* **To do**: Don't include pictures. Quote the lines below from the first through the line that contains "1-1.5 0zM10.5 29.8a.38".

* **Stored items from a collection**:
::::

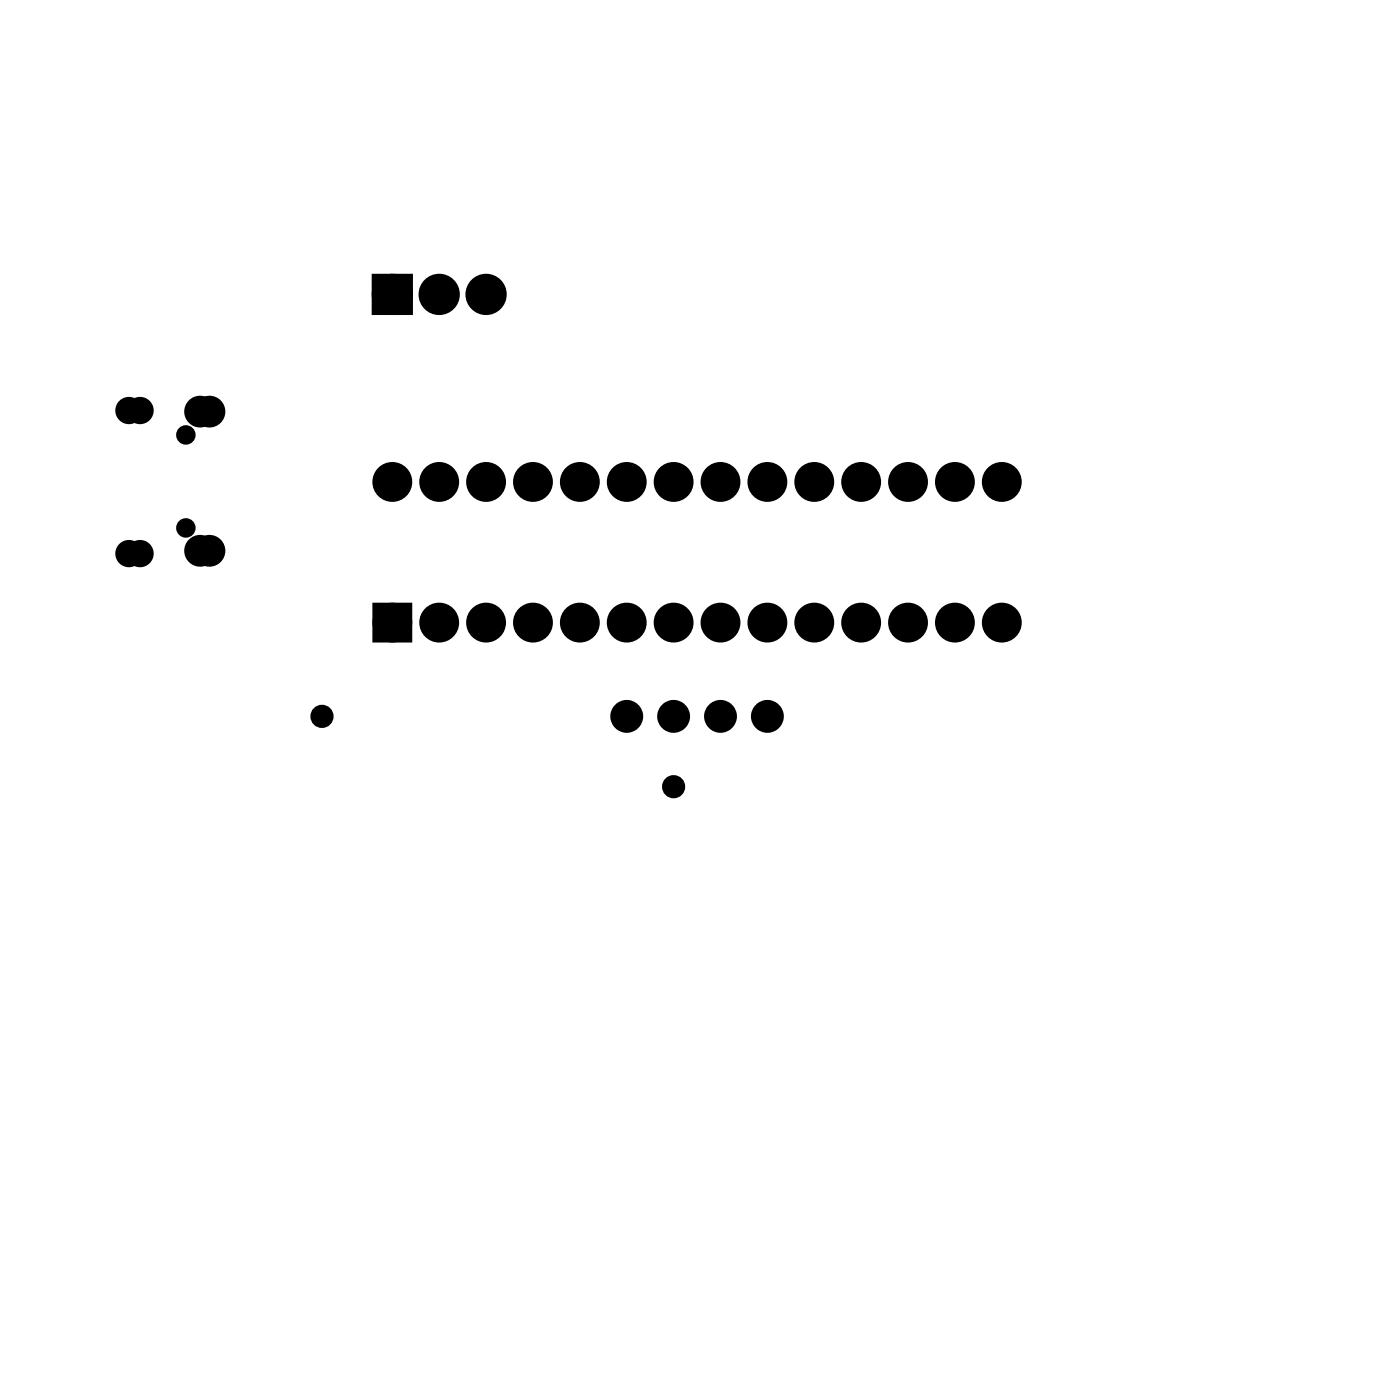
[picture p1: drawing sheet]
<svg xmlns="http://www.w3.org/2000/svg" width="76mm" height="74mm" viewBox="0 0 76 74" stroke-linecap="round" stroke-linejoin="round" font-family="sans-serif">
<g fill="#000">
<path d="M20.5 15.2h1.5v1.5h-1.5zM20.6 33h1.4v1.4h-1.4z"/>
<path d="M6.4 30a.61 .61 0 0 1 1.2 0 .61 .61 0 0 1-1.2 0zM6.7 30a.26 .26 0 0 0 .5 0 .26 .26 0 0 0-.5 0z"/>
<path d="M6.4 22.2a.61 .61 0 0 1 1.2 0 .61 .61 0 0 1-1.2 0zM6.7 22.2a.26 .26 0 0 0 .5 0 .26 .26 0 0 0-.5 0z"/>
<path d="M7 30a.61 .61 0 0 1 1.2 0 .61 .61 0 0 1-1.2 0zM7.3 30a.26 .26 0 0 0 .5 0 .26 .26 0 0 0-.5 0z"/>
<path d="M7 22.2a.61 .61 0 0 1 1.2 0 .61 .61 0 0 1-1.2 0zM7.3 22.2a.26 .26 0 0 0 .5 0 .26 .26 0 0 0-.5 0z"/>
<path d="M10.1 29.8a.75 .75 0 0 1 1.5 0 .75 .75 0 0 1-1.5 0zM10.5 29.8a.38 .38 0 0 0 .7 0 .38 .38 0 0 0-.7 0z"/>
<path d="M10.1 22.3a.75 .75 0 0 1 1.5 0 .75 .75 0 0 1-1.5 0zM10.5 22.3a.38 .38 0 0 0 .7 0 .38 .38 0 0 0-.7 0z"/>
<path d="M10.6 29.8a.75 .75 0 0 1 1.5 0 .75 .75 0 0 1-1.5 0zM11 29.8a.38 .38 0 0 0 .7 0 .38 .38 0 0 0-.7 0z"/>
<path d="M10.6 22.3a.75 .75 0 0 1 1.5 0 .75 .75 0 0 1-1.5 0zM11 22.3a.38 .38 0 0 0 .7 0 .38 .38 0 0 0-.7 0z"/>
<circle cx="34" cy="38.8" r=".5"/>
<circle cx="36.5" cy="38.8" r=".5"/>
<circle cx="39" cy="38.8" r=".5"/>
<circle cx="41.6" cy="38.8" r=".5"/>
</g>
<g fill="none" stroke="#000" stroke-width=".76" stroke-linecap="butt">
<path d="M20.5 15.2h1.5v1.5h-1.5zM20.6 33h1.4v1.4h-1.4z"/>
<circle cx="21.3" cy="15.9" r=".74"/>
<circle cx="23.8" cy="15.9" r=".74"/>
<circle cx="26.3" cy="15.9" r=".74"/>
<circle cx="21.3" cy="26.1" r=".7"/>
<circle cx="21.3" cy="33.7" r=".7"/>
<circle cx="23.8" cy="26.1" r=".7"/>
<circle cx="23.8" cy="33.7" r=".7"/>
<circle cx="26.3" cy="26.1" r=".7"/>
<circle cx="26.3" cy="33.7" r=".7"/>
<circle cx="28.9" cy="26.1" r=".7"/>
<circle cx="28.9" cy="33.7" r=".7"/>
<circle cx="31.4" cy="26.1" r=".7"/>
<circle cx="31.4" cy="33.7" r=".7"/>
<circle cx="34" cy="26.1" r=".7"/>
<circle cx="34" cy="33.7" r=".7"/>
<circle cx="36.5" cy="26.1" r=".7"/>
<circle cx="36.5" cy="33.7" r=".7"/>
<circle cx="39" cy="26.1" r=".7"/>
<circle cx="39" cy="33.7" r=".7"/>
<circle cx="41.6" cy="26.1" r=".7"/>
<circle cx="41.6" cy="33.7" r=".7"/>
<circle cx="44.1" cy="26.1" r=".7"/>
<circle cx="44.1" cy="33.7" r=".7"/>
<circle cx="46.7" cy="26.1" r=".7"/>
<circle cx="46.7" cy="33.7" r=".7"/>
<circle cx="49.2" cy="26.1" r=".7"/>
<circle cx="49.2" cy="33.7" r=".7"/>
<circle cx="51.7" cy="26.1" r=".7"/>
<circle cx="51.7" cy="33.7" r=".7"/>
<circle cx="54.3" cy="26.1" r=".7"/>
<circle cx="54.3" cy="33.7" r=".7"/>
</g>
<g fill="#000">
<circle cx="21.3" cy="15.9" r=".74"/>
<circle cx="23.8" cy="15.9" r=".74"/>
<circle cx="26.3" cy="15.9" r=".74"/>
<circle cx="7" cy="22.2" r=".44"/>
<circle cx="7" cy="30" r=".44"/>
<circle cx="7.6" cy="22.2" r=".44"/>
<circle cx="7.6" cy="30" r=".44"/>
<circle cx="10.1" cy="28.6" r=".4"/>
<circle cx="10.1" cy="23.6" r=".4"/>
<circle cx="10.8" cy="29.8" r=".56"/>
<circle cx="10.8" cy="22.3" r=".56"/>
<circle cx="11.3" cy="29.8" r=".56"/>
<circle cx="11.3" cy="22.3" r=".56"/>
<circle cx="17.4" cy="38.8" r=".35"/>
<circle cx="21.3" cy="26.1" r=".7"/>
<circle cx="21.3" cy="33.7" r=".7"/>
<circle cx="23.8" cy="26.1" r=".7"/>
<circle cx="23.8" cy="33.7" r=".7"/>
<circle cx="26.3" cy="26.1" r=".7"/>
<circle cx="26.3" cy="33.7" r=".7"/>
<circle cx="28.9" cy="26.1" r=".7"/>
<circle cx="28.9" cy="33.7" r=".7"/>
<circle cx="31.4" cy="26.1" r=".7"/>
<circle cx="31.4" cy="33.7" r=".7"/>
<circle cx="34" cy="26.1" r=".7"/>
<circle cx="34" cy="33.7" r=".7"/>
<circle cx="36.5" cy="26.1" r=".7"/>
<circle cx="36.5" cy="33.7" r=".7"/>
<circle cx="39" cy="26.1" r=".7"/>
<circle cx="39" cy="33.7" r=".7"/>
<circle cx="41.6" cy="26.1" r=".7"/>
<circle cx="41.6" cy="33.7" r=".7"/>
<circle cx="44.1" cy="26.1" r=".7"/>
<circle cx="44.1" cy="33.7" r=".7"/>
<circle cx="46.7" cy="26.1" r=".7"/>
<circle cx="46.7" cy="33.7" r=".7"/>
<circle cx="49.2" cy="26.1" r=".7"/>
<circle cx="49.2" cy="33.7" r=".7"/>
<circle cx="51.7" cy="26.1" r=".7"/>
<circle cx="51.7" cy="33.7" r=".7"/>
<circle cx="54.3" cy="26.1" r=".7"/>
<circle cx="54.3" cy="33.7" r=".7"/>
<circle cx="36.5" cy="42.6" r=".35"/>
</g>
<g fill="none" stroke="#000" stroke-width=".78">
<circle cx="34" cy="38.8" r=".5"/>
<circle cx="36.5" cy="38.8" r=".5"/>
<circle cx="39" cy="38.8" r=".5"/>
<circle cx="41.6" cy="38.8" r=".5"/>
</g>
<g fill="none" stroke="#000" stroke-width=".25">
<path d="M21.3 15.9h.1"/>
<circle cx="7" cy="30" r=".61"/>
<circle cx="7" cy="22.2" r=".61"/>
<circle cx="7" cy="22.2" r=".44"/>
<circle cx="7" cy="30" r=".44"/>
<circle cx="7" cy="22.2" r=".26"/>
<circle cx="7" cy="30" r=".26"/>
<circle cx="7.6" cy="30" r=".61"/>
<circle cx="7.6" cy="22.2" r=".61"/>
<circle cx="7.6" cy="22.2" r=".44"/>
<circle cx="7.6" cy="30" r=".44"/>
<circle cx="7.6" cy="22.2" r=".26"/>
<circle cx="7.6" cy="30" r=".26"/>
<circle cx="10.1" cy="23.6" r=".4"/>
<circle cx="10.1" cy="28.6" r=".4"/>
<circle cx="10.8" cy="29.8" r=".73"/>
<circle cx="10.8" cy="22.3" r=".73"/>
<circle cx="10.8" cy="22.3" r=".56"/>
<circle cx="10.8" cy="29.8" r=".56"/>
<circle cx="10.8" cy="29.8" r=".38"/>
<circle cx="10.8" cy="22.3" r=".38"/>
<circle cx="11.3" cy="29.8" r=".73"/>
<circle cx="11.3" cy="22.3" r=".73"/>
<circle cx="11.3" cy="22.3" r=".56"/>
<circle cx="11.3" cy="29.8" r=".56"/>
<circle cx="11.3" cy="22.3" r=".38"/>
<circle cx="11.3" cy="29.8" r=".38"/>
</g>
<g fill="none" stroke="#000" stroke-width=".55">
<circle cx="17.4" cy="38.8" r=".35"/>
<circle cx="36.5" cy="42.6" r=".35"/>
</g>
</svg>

::::

* **Your solution**:
[picture p1: drawing sheet]
<svg xmlns="http://www.w3.org/2000/svg" width="76mm" height="74mm" viewBox="0 0 76 74" stroke-linecap="round" stroke-linejoin="round" font-family="sans-serif">
<g fill="#000">
<path d="M20.5 15.2h1.5v1.5h-1.5zM20.6 33h1.4v1.4h-1.4z"/>
<path d="M6.4 30a.61 .61 0 0 1 1.2 0 .61 .61 0 0 1-1.2 0zM6.7 30a.26 .26 0 0 0 .5 0 .26 .26 0 0 0-.5 0z"/>
<path d="M6.4 22.2a.61 .61 0 0 1 1.2 0 .61 .61 0 0 1-1.2 0zM6.7 22.2a.26 .26 0 0 0 .5 0 .26 .26 0 0 0-.5 0z"/>
<path d="M7 30a.61 .61 0 0 1 1.2 0 .61 .61 0 0 1-1.2 0zM7.3 30a.26 .26 0 0 0 .5 0 .26 .26 0 0 0-.5 0z"/>
<path d="M7 22.2a.61 .61 0 0 1 1.2 0 .61 .61 0 0 1-1.2 0zM7.3 22.2a.26 .26 0 0 0 .5 0 .26 .26 0 0 0-.5 0z"/>
<path d="M10.1 29.8a.75 .75 0 0 1 1.5 0 .75 .75 0 0 1-1.5 0zM10.5 29.8a.38 .38 0 0 0 .7 0 .38 .38 0 0 0-.7 0z"/>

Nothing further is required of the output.